Gail V. Coleman, U. S. Dept. of Labor, Washington, D. C. (Carin Ann Clauss, Sol. of Labor, Ronald G. Whiting, Associate Sol., Jack Diamond, U. S. Dept. of Labor, Barbara Allen Babcock, Asst. Atty. Gen., Washington, D. C., Thomas E. Lydon, Jr., U. S. Atty., Columbia, S. C., William Kanter, Appellate Section, Civ. Div., Dept. of Justice, Washington, D. C., on brief), for the U. S.


Before WINTER and RUSSELL, Circuit Judges, and JONES, District Judge.*

SHIRLEY B. JONES, District Judge:


Southern Packaging and Storage Company, Inc., has for over thirty-five years assembled various component parts of the "Meal Combat Individual" (MCI) field rations (formerly C rations) pursuant to government contracts. Those contracts were issued subsequent to bid solicitations prepared by the Defense Logistics Agency and the Defense Personnel Support Center. The solicitation contained a wage determination prepared by the Employment Standards Administration of the Department of Labor which indicated that the Service Contract Act, 41 U.S.C. § 351, was applicable,1 the locality for the minimum wage determination was "nationwide" and the job description was "assembly of field rations."


The district court determined, after a trial without a jury, that the Service Contract Act was indeed applicable to the work performed by Southern Packaging. Southern Packaging and Storage Company, Inc. v. United States of America, 458 F.Supp. 726, 731-32 (D.S.C.1978). The court also held that the term "locality" as used in the Service Contract Act and as applied in this bid solicitation referred to "the standard metropolitan statistical area, if available, or the specific county, where the bidding party's plant or facility is located." 458 F.Supp. at 735.

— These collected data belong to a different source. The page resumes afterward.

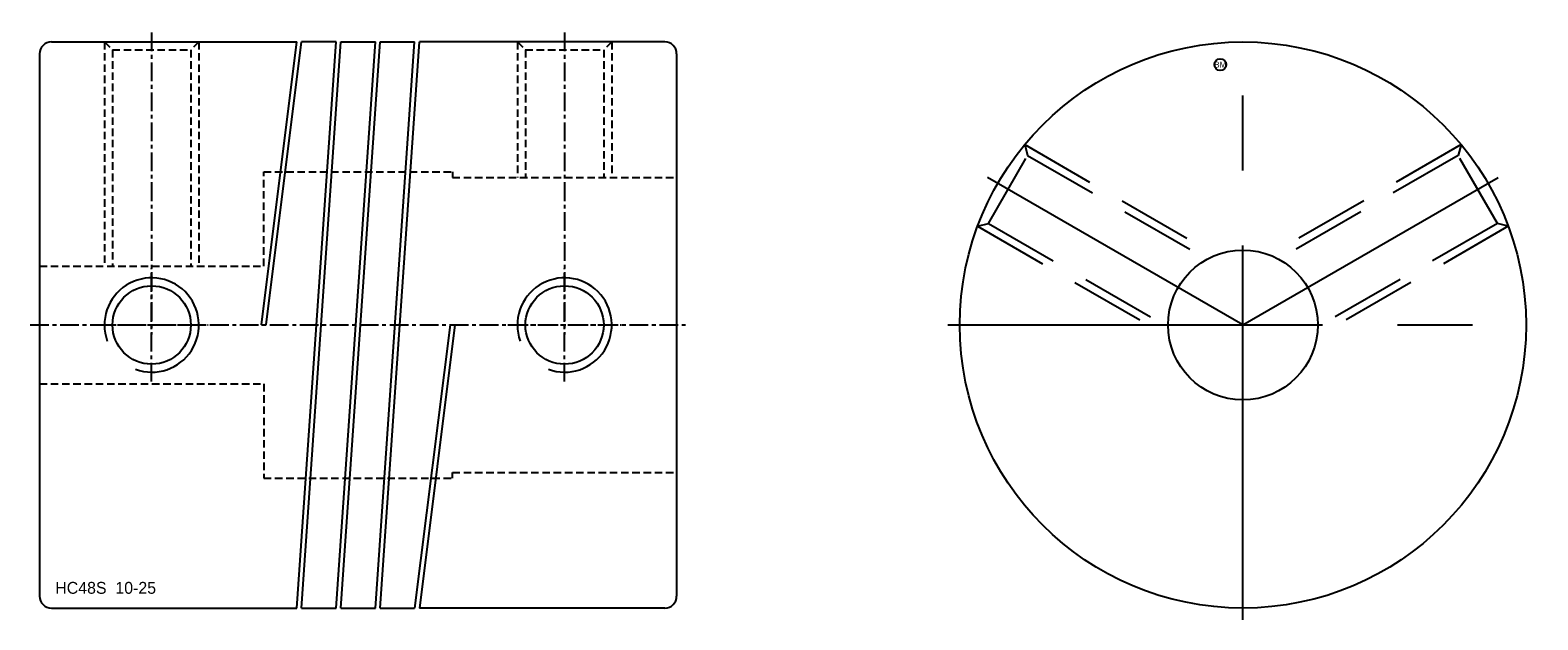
# Model space of a CAD drawing. Extents: x -20 to 108, y -25 to 25.
import ezdxf
from ezdxf.enums import TextEntityAlignment as Align

# ---------------------------------------------------------------- set-up
doc = ezdxf.new("R2010")
doc.units = 0
doc.header["$MEASUREMENT"] = 0
doc.linetypes.add('CENTER', pattern=[50.8, 31.75, -6.35, 6.35, -6.35])
doc.linetypes.add('HIDDEN', pattern=[9.525, 6.35, -3.175])
doc.layers.get('0').update_dxf_attribs({"linetype": 'CONTINUOUS'})
for name, color, linetype in [('BOM', 6, 'CONTINUOUS'), ('CENTER', 1, 'CENTER'), ('HIDDEN', 2, 'HIDDEN'), ('THIN', 3, 'CONTINUOUS')]:
    doc.layers.add(name, color=color, linetype=linetype)

# ---------------------------------------------------------------- blocks, each defined once
blk = doc.blocks.new('MCLBM2')
blk.add_circle((0, 0), 0.5)
blk.add_text('BM', height=0.5).set_placement((0, 0), align=Align.MIDDLE)
at = {"flags": 1}
for tag, p in [('NAME', (0, -1)), ('SPEC', (0, -3)), ('ENAME', (0, -2)), ('MATERIAL', (0, -4)), ('QTY', (0, -5)), ('WEIGHT', (0, -6)), ('PRICE', (0, -7)), ('REMARK', (0, -8)), ('USER1', (0, -9)), ('USER2', (0, -10)), ('USER3', (0, -11)), ('USER4', (0, -12)), ('USER5', (0, -13)), ('USER6', (0, -14))]:
    blk.add_attdef(tag, p, '', height=0.5, dxfattribs=at)

msp = doc.modelspace()

# ---------------------------------------------------------------- linework, layer by layer
at = {"ltscale": 0.1}
for p, q in [((-18, 24), (2.8, 24)), ((-0.2, 0), (2.8, 24)), ((0.2, 0), (3.21, 24)), ((2.8, -24), (6.13, 24)), ((3.21, -24), (6.54, 24)), ((6.13, 24), (3.21, 24)), ((6.13, -24), (9.46, 24)), ((6.54, -24), (9.87, 24)), ((6.54, 24), (9.46, 24)), ((9.46, -24), (12.79, 24)), ((9.87, -24), (13.2, 24)), ((9.87, 24), (12.79, 24)), ((34, 24), (13.2, 24)), ((-19, 23), (-19, -23)), ((35, 23), (35, -23)), ((-0.2, 0), (0.2, 0)), ((15.8, 0), (12.79, -24)), ((16.2, 0), (13.2, -24)), ((15.8, 0), (16.2, 0)), ((-18, -24), (2.8, -24)), ((3.21, -24), (6.13, -24)), ((6.54, -24), (9.46, -24)), ((9.87, -24), (12.79, -24)), ((34, -24), (13.2, -24))]:
    msp.add_line(p, q, dxfattribs=at)
for radius in [24, 6.35]:
    msp.add_circle((83, 0), radius)
for centre in [(-9.5, 0), (25.5, 0)]:
    msp.add_circle(centre, 3.32, dxfattribs=at)
for centre, start, end in [((-18, 23), 90, 180), ((34, 23), 0, 90), ((-18, -23), 180, 270), ((34, -23), 270, 0)]:
    msp.add_arc(centre, 1, start, end, dxfattribs=at)
at = {"layer": 'CENTER', "ltscale": 0.05}
for p, q in [((-9.5, 24.8), (-9.5, -0.8)), ((25.5, 24.8), (25.5, -0.8)), ((-9.5, -4.8), (-9.5, 4.8)), ((25.5, -4.8), (25.5, 4.8)), ((-19.8, 0), (35.8, 0)), ((-14.3, 0), (-4.7, 0)), ((20.7, 0), (30.3, 0))]:
    msp.add_line(p, q, dxfattribs=at)
at = {"layer": 'CENTER'}
for p, q in [((83, -25), (83, 25)), ((83, 0), (61.35, 12.5)), ((58, 0), (108, 0))]:
    msp.add_line(p, q, dxfattribs=at)
at = {"layer": 'CENTER', "extrusion": (1.22461e-16, -2.99932e-32, -1)}
msp.add_line((83, 0), (104.65, 12.5), dxfattribs=at)
at = {"layer": 'HIDDEN', "ltscale": 0.1}
for p, q in [((-13.5, 24), (-13.5, 5)), ((-13.5, 24), (-12.82, 23.32)), ((-12.82, 23.32), (-12.82, 5)), ((-12.82, 23.32), (-6.18, 23.32)), ((-5.5, 24), (-6.18, 23.32)), ((-6.18, 23.32), (-6.18, 5)), ((-5.5, 24), (-5.5, 5)), ((21.5, 24), (21.5, 12.5)), ((21.5, 24), (22.18, 23.32)), ((22.18, 23.32), (28.82, 23.32)), ((22.18, 23.32), (22.18, 12.5)), ((29.5, 24), (28.82, 23.32)), ((28.82, 23.32), (28.82, 12.5)), ((29.5, 24), (29.5, 12.5))]:
    msp.add_line(p, q, dxfattribs=at)
at = {"layer": 'HIDDEN'}
for p, q in [((61.43, 8.62), (64.75, 14.37)), ((64.51, 15.3), (80.73, 5.93)), ((64.51, 15.3), (64.75, 14.37)), ((64.75, 14.37), (79.98, 5.58)), ((60.51, 8.37), (61.43, 8.62)), ((60.51, 8.37), (76.73, -1)), ((61.43, 8.62), (76.65, -0.17))]:
    msp.add_line(p, q, dxfattribs=at)
at = {"layer": 'HIDDEN', "extrusion": (1.22461e-16, -2.99932e-32, -1)}
for p, q in [((101.49, 15.3), (85.27, 5.93)), ((101.25, 14.37), (86.02, 5.58)), ((101.49, 15.3), (101.25, 14.37)), ((104.57, 8.62), (101.25, 14.37)), ((105.49, 8.37), (89.27, -1)), ((104.57, 8.62), (89.35, -0.17)), ((105.49, 8.37), (104.57, 8.62))]:
    msp.add_line(p, q, dxfattribs=at)
at = {"layer": 'HIDDEN', "ltscale": 0.1}
msp.add_lwpolyline([(-19, 5), (0, 5), (0, 13), (16, 13), (16, 12.5), (35, 12.5)], dxfattribs=at)
at = {"layer": 'HIDDEN', "ltscale": 0.1, "extrusion": (-2.99932e-32, -1.22461e-16, -1)}
msp.add_lwpolyline([(19, -5), (0, -5), (0, -13), (-16, -13), (-16, -12.5), (-35, -12.5)], dxfattribs=at)
at = {"layer": 'THIN', "ltscale": 0.1}
for centre in [(-9.5, 0), (25.5, 0)]:
    msp.add_arc(centre, 4, 250, 200, dxfattribs=at)

# ---------------------------------------------------------------- block references
at = {"layer": 'BOM'}
msp.add_blockref('MCLBM2', (81.08, 22.08), dxfattribs=at)

# ---------------------------------------------------------------- texts
msp.add_text('HC48S  10-25', height=1.008).set_placement((-17.67, -22.79))

doc.saveas('drawing.dxf')

The Department of Labor appeals, contending that in the context of this solicitation it did not err in determining nationwide minimum wage rates. Southern Packaging cross-appeals, asserting that the district court erred in not construing its assembly operations as manufacturing within the Walsh-Healey Act and regulations, 41 C.F.R. § 50-206.52 (1979), which would have rendered the provisions of the Service Contract Act inapplicable, 41 U.S.C. § 356(2). We find that the district court was correct on both questions and we affirm.2


The Service Contract Act3 provides "protection of employees of contractors and subcontractors furnishing services to or performing maintenance service for Federal agencies." 1965 U.S. Code Cong. & Admin. News, pp. 3737, 3737; 1972 U.S. Code Cong. & Admin. News, p. 3534. Southern Packaging contends that it is a "manufacturer" within the Walsh-Healey Act4 of the MCI procurements or, in the alternative, furnishes supplies, which also comes within the ambit of Walsh-Healey.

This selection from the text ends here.